Le président de l’Agence de la santé publique du Canada (ASPC) juge « inacceptable » qu’une fonctionnaire responsable des services de santé aux voyageurs ait accepté un voyage payé par Air Canada pour faire la promotion des vacances dans le Sud cet automne, alors que le gouvernement demande aux citoyens d’éviter les voyages non essentiels.

Le Globe and Mail révélait jeudi que Dominique Baker, une gestionnaire au Bureau des services de santé des voyageurs et aux frontières de l’Agence de la santé publique, a agi comme influenceuse pour le compte de Air Canada cet automne, afin de faire la promotion des destinations soleil. Elle et une de ses amies ont reçu un voyage payé en Jamaïque et ont fait des publications commanditées à cet effet sur les réseaux sociaux.
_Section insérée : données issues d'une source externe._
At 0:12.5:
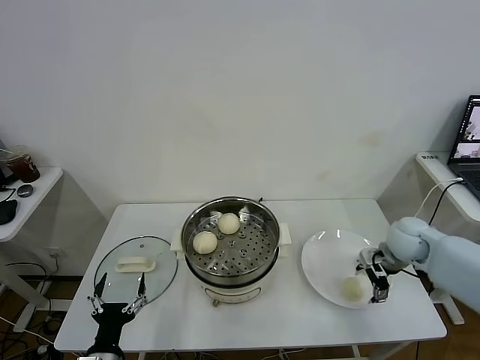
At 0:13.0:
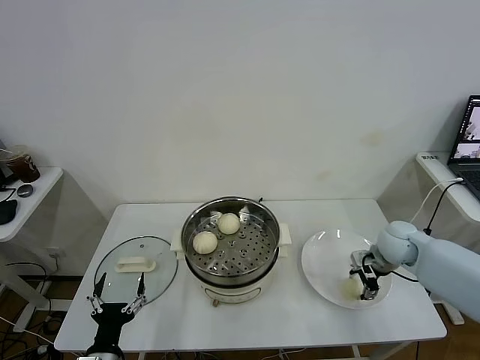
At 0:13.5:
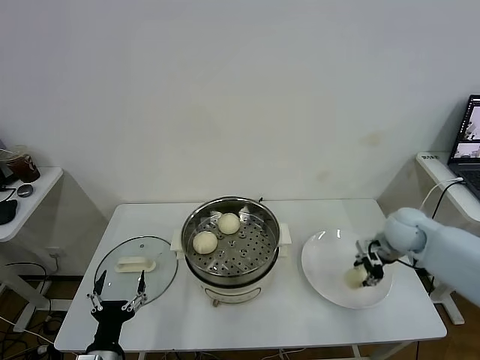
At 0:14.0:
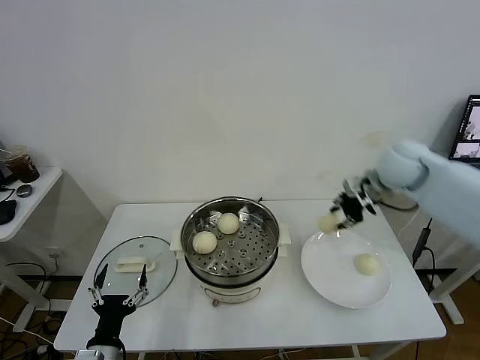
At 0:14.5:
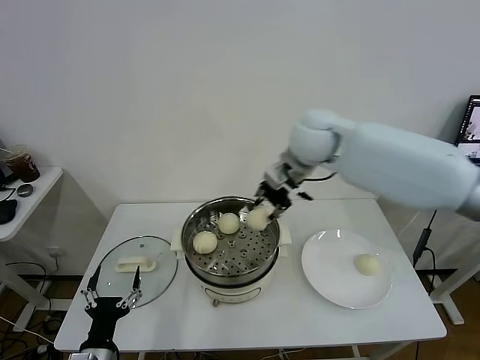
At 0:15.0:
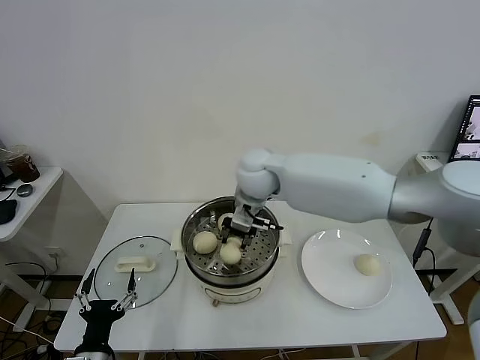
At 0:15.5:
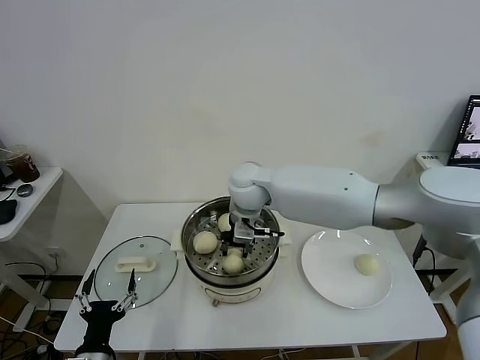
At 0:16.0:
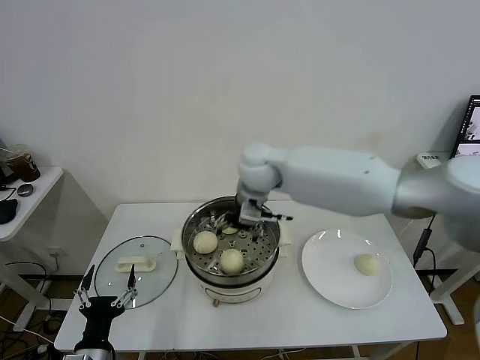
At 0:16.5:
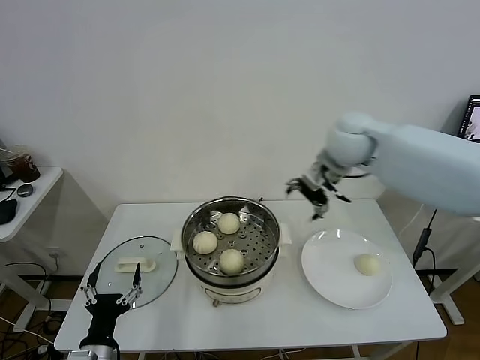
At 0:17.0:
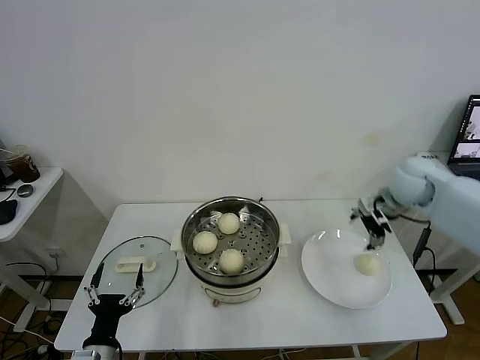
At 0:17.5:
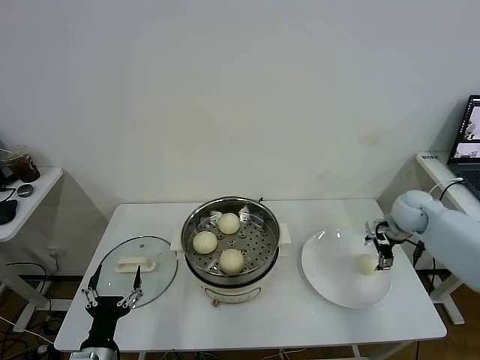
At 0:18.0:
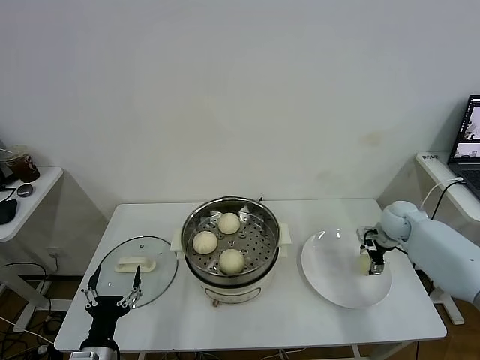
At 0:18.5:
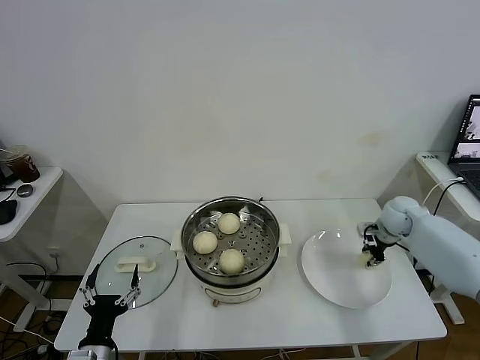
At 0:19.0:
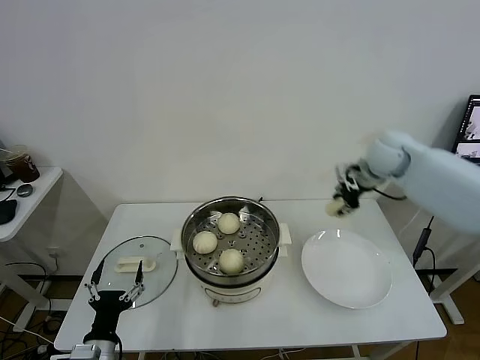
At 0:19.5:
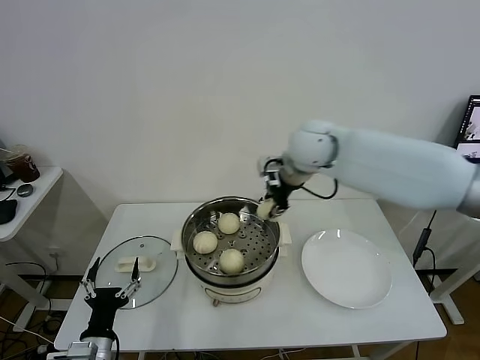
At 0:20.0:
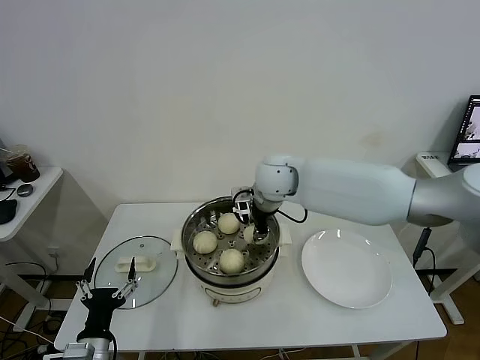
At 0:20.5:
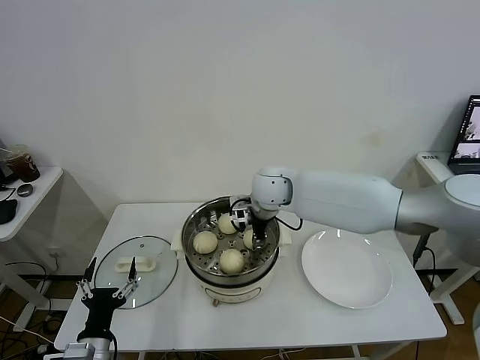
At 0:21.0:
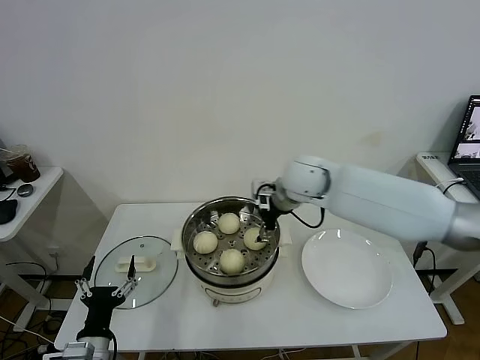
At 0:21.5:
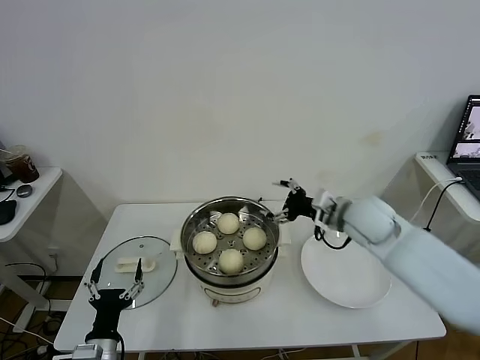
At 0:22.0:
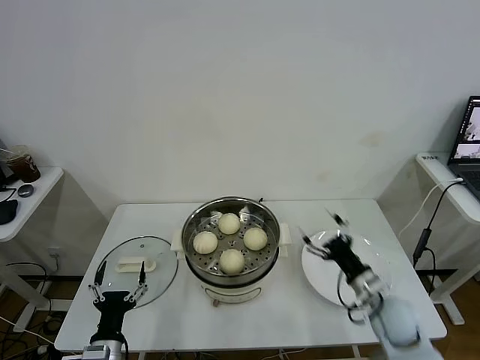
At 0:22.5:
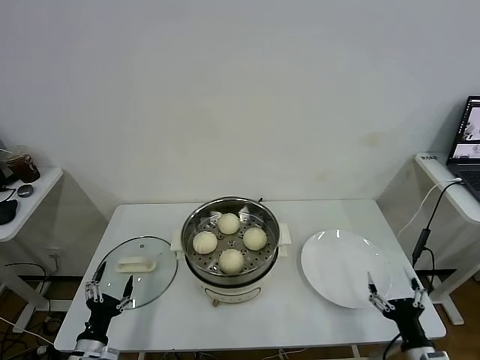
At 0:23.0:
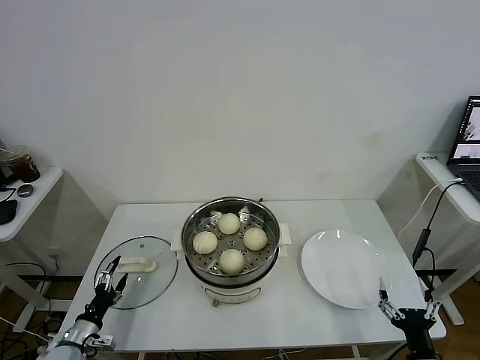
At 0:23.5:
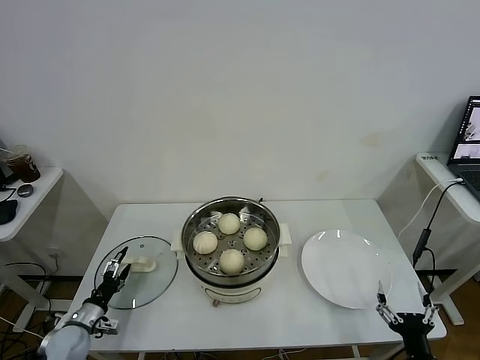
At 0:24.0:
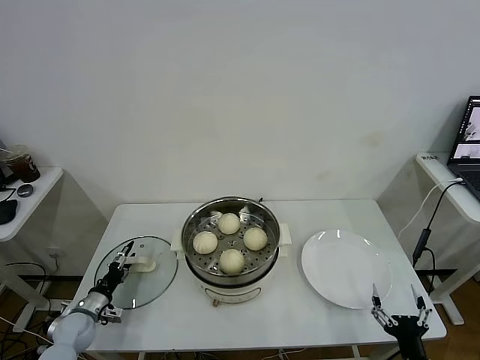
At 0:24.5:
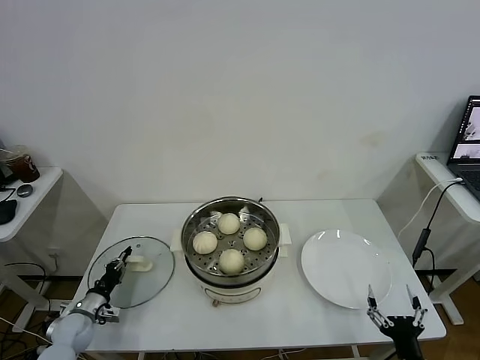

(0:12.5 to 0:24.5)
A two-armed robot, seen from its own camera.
Task of the whole recording: take steamed baozi put them in steamer.
Step, 0:13.5 - 0:15.5: Place the baozi on the steamer with right gripper.
Step, 0:16.0 - 0:18.0: Grasp the baozi in the plate with right gripper.
Step, 0:18.5 - 0:21.0: Place the baozi on the steamer with right gripper.
0:12.5 - 0:14.5: The right gripper is displaced to the left and upward by about 35 cm, and closes up.
0:14.5 - 0:16.5: The right gripper goes about 10 cm to the right, and opens.
0:16.5 - 0:18.5: The right gripper heads downward and to the right, covering about 30 cm, and closes its fingers.
0:18.5 - 0:20.5: The right gripper travels to the left by some 35 cm, and opens up.
0:20.5 - 0:22.5: The right gripper goes some 50 cm backward, to the right and downward, and opens. Meanwhile the left gripper goes some 5 cm downward.
0:22.5 - 0:24.5: The right gripper changes place by approximately 5 cm. The left gripper travels forward and to the left by some 15 cm, and closes.

« L’un de nos deux majordomes vient de nous apporter des pina coladas. Non, nous ne blaguons pas – nous avons deux majordomes », se réjouissait-elle dans une vidéo.

« Je n’aurais pas dû y aller »

« L’Agence a constamment répété aux Canadiens qu’ils devraient éviter les voyages pendant la pandémie. Il est donc tout à fait inacceptable que les employés ignorent ces consignes », a déploré le président de l’Agence de la santé publique du Canada, Iain Stewart, dans une réaction envoyée à La Presse.
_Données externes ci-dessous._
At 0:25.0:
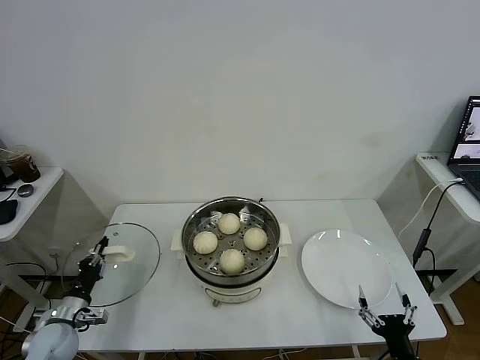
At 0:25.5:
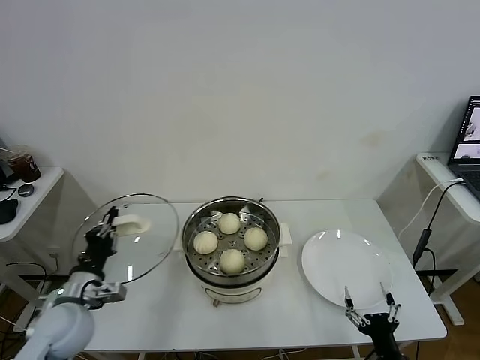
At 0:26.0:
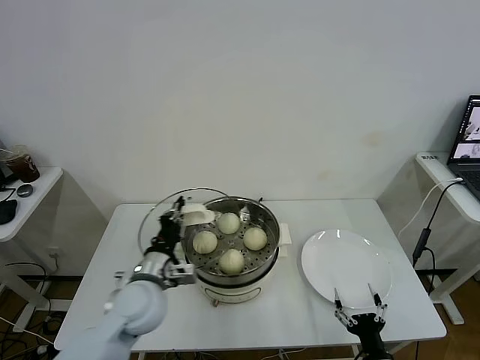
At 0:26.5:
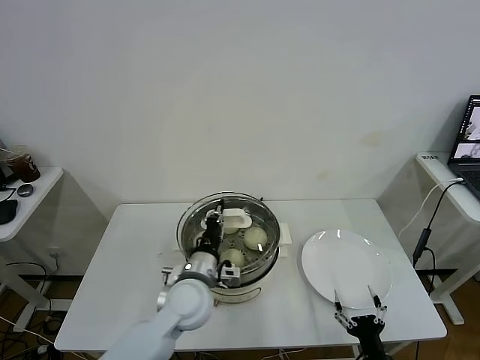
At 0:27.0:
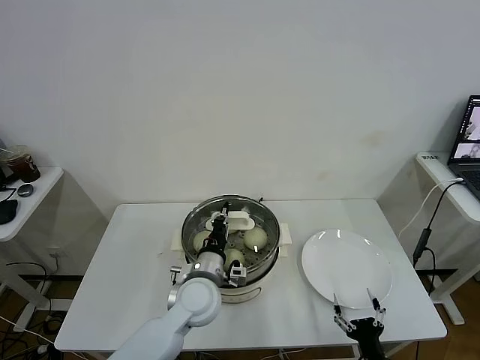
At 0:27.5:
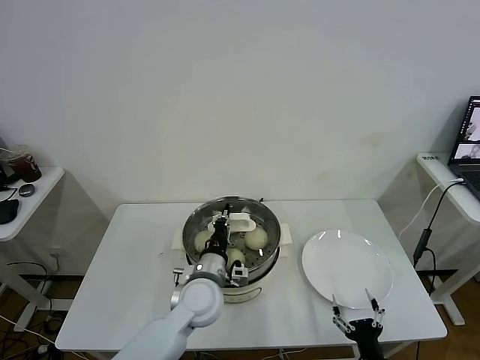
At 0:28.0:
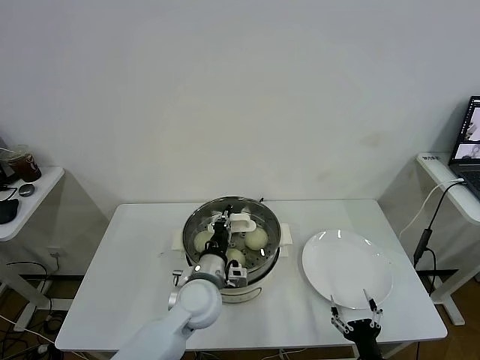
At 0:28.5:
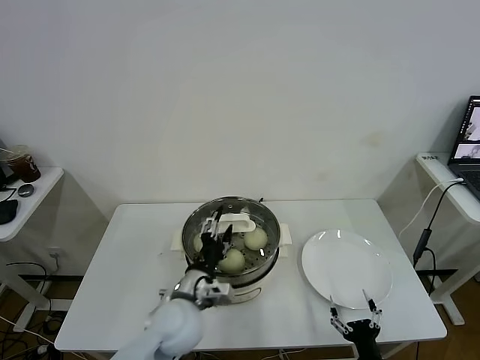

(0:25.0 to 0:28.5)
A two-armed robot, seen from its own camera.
Task of the whole recording: take steamed baozi put them in steamer.
0:25.0 - 0:27.0: The right gripper ends up roughly 5 cm from where it was; the left gripper travels to the right by about 35 cm.
0:27.0 - 0:28.5: The left gripper opens.

Le président dit avoir été mis au courant du voyage commandité en novembre, lorsque les publications de la fonctionnaire sont apparues sur les réseaux sociaux. « L’ASPC a immédiatement réagi et un examen fut entamé. Nous ne formulerons pas de commentaires supplémentaires à ce sujet par respect pour la vie privée de l’employée », a-t-il ajouté.

Mme Baker travaille comme influenceuse sur les réseaux sociaux pour plusieurs compagnies privées en parallèle de son travail dans la fonction publique. Elle est suivie par 45 000 personnes sur Instagram et plus de 26 000 personnes sur YouTube. Elle a publié jeudi un message dans lequel elle admet avoir fait une erreur dans le cadre de son partenariat avec Air Canada.

« Le timing n’était pas bon et je n’aurais pas dû y aller », dit-elle, en incitant les citoyens à rester à la maison et suivre les consignes sanitaires.

Air Canada ignorait sa position dans la fonction publique

Mme Baker n’avait pas répondu à une demande d’entrevue de La Presse au moment d’écrire ces lignes.

Air Canada a embauché plusieurs influenceurs pour faire la promotion des voyages sur les réseaux sociaux malgré les demandes des autorités d’éviter les voyages non essentiels. Le transporteur aérien a aussi plusieurs lobbyistes enregistrés pour faire des représentations auprès du gouvernement fédéral, y compris Santé Canada, en lien avec la pandémie actuelle et les mesures prises pour y répondre.

Une porte-parole d’Air Canada a assuré à La Presse que Mme Baker a été recrutée comme influenceuse sans que quiconque au sein de l’entreprise ait connaissance de ses fonctions au sein du gouvernement.

« Son bagage comprend notamment des blogues sur le mode de vie et la beauté ainsi que des partenariats avec de nombreuses marques très connues. Son profil d’influenceuse ne faisait pas mention de son emploi avec le gouvernement. Dans le cadre de l’entente que nous avons conclue en octobre, elle a reçu un voyage gratuit en échange de contenu qu’elle fournirait et qui mettrait notamment l’accent sur notre programme SoinPropre+ à bord et les mesures de santé et sécurité instaurées à l’endroit qu’elle visiterait », explique Pascale Déry, directrice des relations avec les médias pour le Québec chez Air Canada.

La page personnelle de Mme Baker précise aujourd’hui d’entrée de jeu qu’elle travaille comme « fonctionnaire de jour » en plus de son rôle dans la promotion de diverses marques, mais il n’a pas été possible de vérifier si cette information apparaissait sur la page à l’automne dernier.

Les gestionnaires de l’Agence de la santé publique du Canada sont-ils autorisés à agir comme influenceurs pour des entreprises privées en parallèle de leur emploi ? À ce sujet, Iain Stewart souligne que le code d’éthique de la fonction publique oblige les employés à déclarer toute situation qui pourrait être perçue comme un conflit d’intérêts. « Si des preuves démontrent qu’il existe un conflit d’intérêts, la situation est examinée au cas par cas », a-t-il déclaré, sans s’avancer davantage sur ce cas précis.